Nope. You don't sit in on HR meetings or know people who work in HR for several major Houston companies. We've even taken out from the HR literature references to retiring with medical benefits for the few new hires who actually walk in the door.
Originally Posted by gnadfly
Just goes to show that most businesses are run on gut feel, ignorance and fear and good management practice, facts and numbers have gone out the window in a hurried rush to get "nimble". I consult at many of the largest financial, insurance and healthcare companies in the country and world along with the largest software and consulting companies and 95% of their operations, particularly IT are pretty much run totally seat of the pants as little fiefdoms for anyone who had a sponsor and mentor and could make it that far up the corporate ladder no matter if they did a good job or not.
I often point out to my clients that the top companies in many verticals train their employees extensively and the response I usually get is "when we are at the top we will too". They just don't get it and the general attitude is, "if we train anybody they might leave" except at the few really well run companies. Management, including top management is generally so poor across industries these days that it is a wonder that most companies stay in business at all (and many don't in fact).
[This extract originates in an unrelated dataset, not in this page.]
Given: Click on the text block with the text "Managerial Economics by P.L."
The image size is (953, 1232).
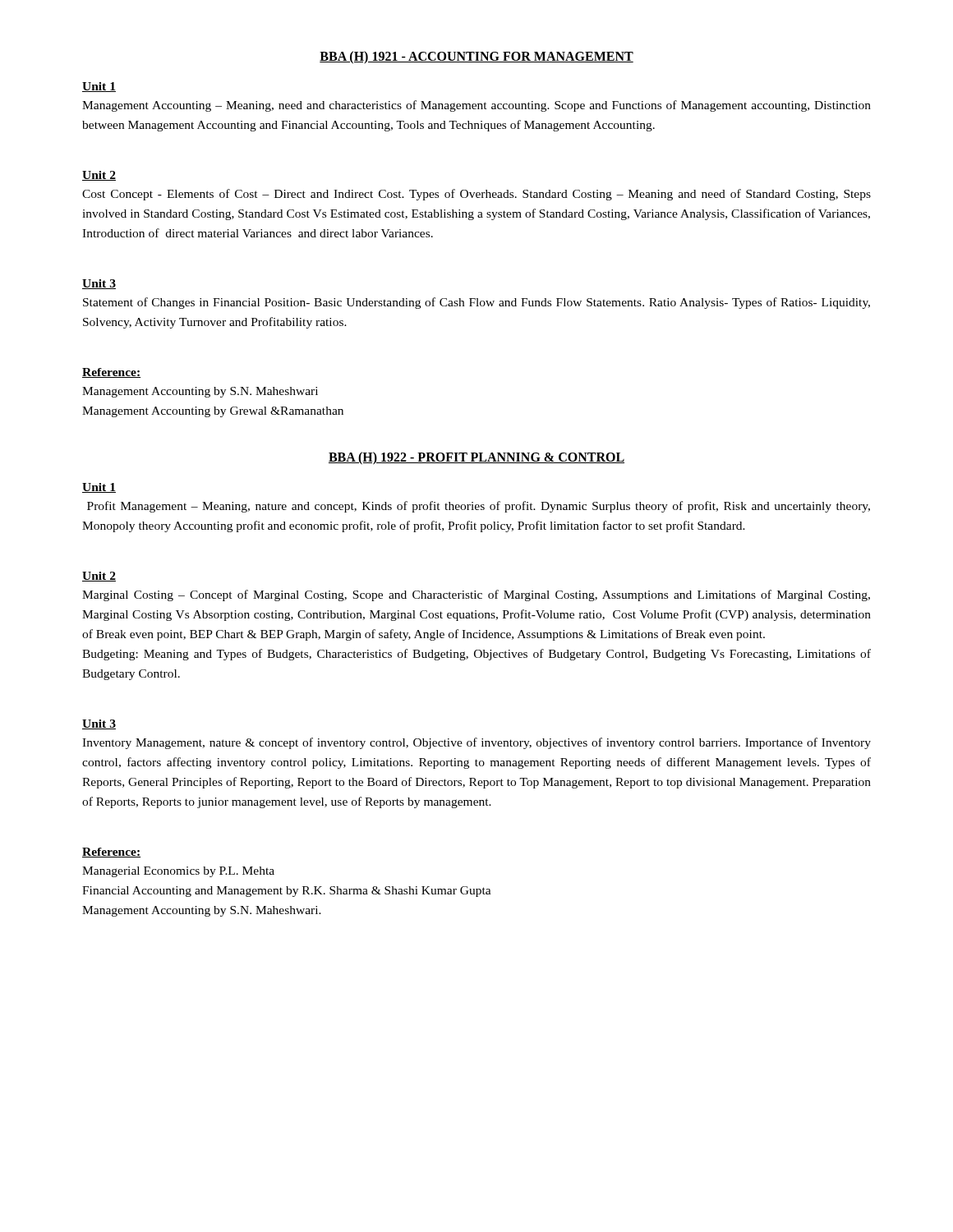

BTW, the Affordable Care Act was not passed to help companies make profits in the quarterly short run (the only thing American companies care about these days), it was passed to help the middle class and workers stay healthy so there was not a lot of lost productivity and people didn't lose their homes and retirement when they had health issues because, WHEN MAIN STREET DOES WELL, WALL ST. and everybody else does well too, but not the other way around. Maybe it isn't a perfect law or the absolute best way to do that, but it IS a START after 80 years of trying (even by Richard Milhouse Nixon that damn socialist - look it up). If big business had its way it would suck all the wealth out of the middle class and move to Switzerland or Monaco or wherever leaving the U.S.A. in shambles all for a few quarters of quarterly profits and a bunch of big bonuses. Henry Ford got this and all his competitors vilified him for it. The decade following WWII had the greatest expansion of GDP in the history of the world and the middle class grew and prospered even with up to 90% to tax rates (not that I would recommend that today), but we have forgotten that and are going to destroy our middle class and democracy to have a plutocracy where the top 1% will flee the country eventually with all their wealth leaving just a shell and not caring one whit. Look at the trends since the 80's and what don't you get about that?